Checkpoint is also used whenever commonly-used data needs to be distributed throughout the cluster.
A Checkpoint is inappropriate when the data is not often used. Although a checkpoint may be written to disk for recovery during a catastrophic failure event, the entire checkpoint data set is stored in RAM. Therefore a traditional replicated database is more appropriate for a large and/or rarely used data set.
Major Features
Most major features can be selected at object creation time to optimize for speed or for utility
Replicated: Replicated efficiently to multiple nodes
Nested: Checkpoint values can be unique identifiers that automatically resolve-and-lookup in another Checkpoint
Persistent: Checkpoints can automatically store themselves to disk (Persistence)
Notifiable: You can subscribe to get notified of changes to Checkpoints (Event)
Shared memory: For efficiency, a single service per node can maintain coherency (with the rest of the cluster) of a checkpoint. To do this the checkpoint is stored in shared memory
Transactional: Checkpoint operations can be wrapped in a cluster-wide Transaction
Design
In this document the term "Checkpoint" will be used to refer to the entire replicated checkpoint abstraction. The term "local replica" will be used to refer to a particular copy of the checkpoint data.
Process Access
A Checkpoint can be located in process private memory or in shared memory based on an option when the Checkpoint is created.
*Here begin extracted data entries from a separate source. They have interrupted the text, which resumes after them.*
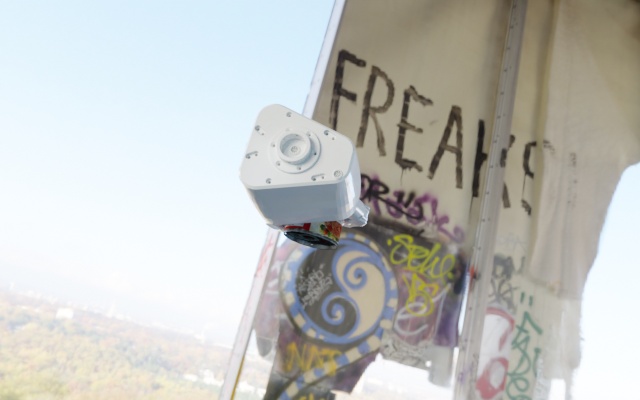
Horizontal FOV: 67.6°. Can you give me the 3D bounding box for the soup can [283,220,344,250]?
[{"bbox_3d":[0.000,0.002,0.587,0.068,0.102,0.068,14,-17,4],"label":"soup can"}]
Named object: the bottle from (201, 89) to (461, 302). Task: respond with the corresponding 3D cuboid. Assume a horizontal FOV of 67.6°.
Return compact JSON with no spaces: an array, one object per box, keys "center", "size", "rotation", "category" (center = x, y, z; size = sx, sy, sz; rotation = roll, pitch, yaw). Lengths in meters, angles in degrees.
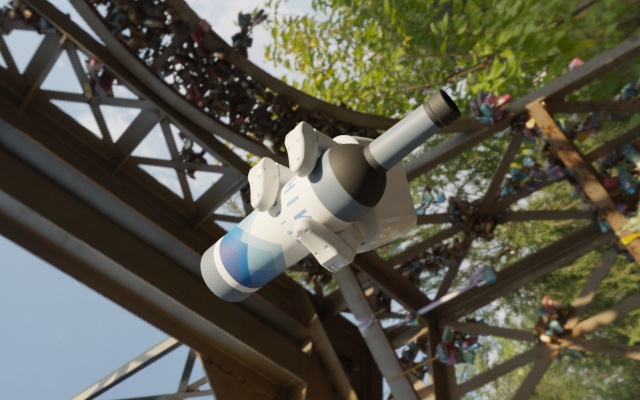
[{"center":[0.000,0.002,0.445],"size":[0.296,0.069,0.069],"rotation":[-38,-21,29],"category":"bottle"}]
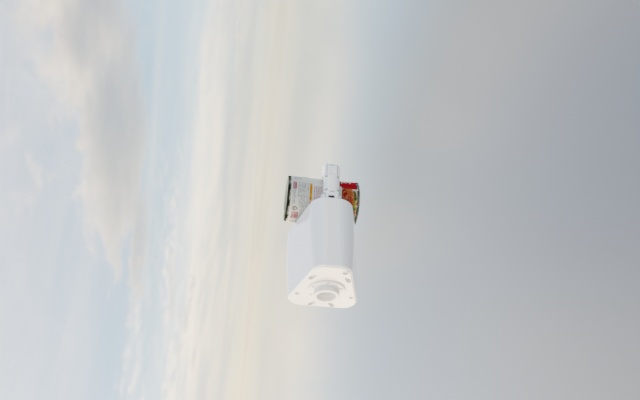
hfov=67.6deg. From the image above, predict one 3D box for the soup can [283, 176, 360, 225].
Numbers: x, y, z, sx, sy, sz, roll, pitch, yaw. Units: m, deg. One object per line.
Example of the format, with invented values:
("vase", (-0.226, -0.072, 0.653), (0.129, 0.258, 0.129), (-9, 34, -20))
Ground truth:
("soup can", (0.000, 0.002, 0.691), (0.102, 0.068, 0.068), (6, -1, -7))
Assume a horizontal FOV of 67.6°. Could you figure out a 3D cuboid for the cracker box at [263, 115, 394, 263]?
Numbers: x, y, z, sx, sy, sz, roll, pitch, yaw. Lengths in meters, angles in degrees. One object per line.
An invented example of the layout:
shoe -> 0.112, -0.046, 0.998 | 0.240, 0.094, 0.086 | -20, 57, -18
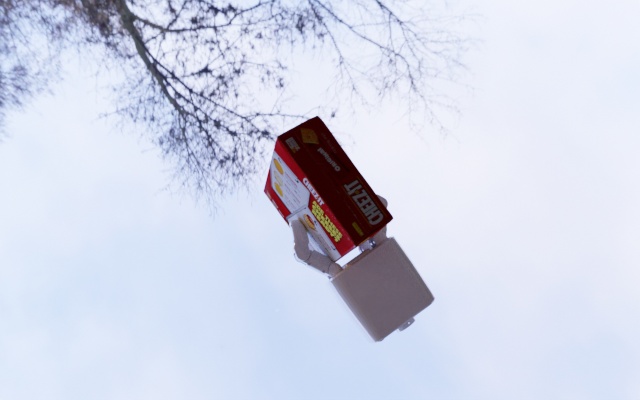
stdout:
cracker box -> 0.000, 0.002, 0.670 | 0.072, 0.164, 0.214 | -34, -8, -19

A Checkpoint that is used by multiple processes on the same node should be located in shared memory for efficiency.
Checkpoint Creation
A checkpoint is always identified by a Handle. At the API layer, a string name can be used. If the latter, this name will be registered with the Name service using the checkpoint's Handle as the value.
Internode Replication and Communication
Discovery
The implementation of the checkpoint will register a new group with the Group service. It is identified by a well-known Handle or by the ClusterUniqueId returned by the Group registration. It may also be identified by a string entry in the Name service and all APIs that need a checkpoint will accept either a ClusterUniqueId or a string name.
The group service shall be used to identify the process responsible for updating the local replica on the node -- the "node primary replica" -- and the process that can write to the checkpoint -- the "master replica".